I usually can only long for movies like The General's Daughter during the hot, summer blockbuster season. With an intelligent thriller like The General's Daughter, directed by Simon West, I can even forgive the occasional explosion and graphic sexual violence.  

But be forewarned, the "R" rating is for real. The General's Daughter is not for children.  

A faithful adaptation of Nelson DeMille's best-selling novel of the same name, The General's Daughter holds up well in the translation to the big screen. The quality of the adaptation probably can be traced to the involvement of DeMille in the production. (DeMille received writing credit along with Christopher Berolini). Even knowing the plot of this clever whodunit -- or more accurately described whydunit -- did not keep me from enjoying The General's Daughter immensely. Viewers who already read the book will not be disappointed. 
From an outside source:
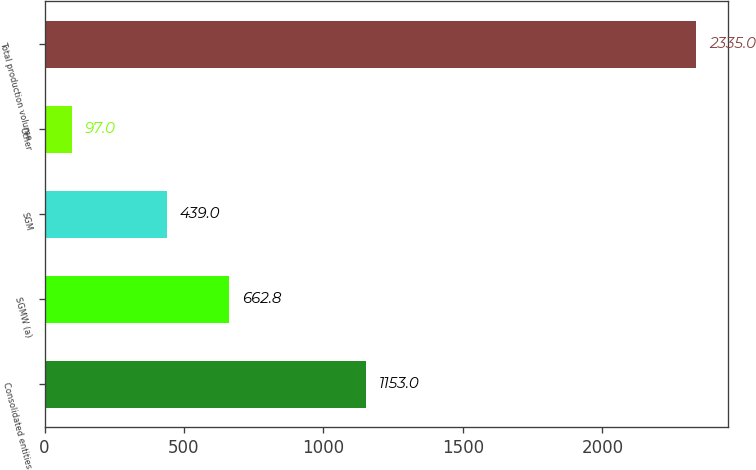Convert chart. <chart><loc_0><loc_0><loc_500><loc_500><bar_chart><fcel>Consolidated entities<fcel>SGMW (a)<fcel>SGM<fcel>Other<fcel>Total production volume<nl><fcel>1153<fcel>662.8<fcel>439<fcel>97<fcel>2335<nl></chart>

A gung-ho Army investigator, Warrant Officer Paul Brenner (John Travolta), never lets his lack of formal education and sometimes unorthodox approach to finding the truth keep him from doing his job. In an inspired and very surprising bit of casting, John Travolta proves riveting and entirely believable in the role. Paul Brenner always seems to get his man -- and apparently his woman too. 

Pulling Brenner from an undercover case, the brass teams him with Warrant Officer Sara Sunhill (Madeleine Stowe), a sex-crimes expert, to investigate the death of Captain Elizabeth Campbell. Campbell was found naked and staked spread-eagle on the base's urban warfare training ground. Complicating the brutal crime further is the fact that Captain Campbell is the general's daughter. -- a grown-up, golden-haired, poster-child for women in the Army.  

Set on a fictitious southern Army base, the overheated climate, oppressive atmosphere and lush vegetation mirror the oppressive rules of the Army and the complex threads of this tangled case. What better place to shatter the genteel veneer of the military and magnolias world of honor, pomp and circumstance and show the twisted mass of jungle underneath? But the Army does not give up its secrets lightly. The military establishment never loses an opportunity to remind Brenner and Sunhill that there are three ways to go about uncovering the truth: the right way, the wrong way and the Army way. 

The film's meditation on a woman's place in the modern military seems a bit dated. But then again, how much do we really know about what goes on behind the military's closed ranks and code of silence?  

If you need a break from mindless and sophomoric summer movies see The General's Daughter -- even if you haven't read the book first.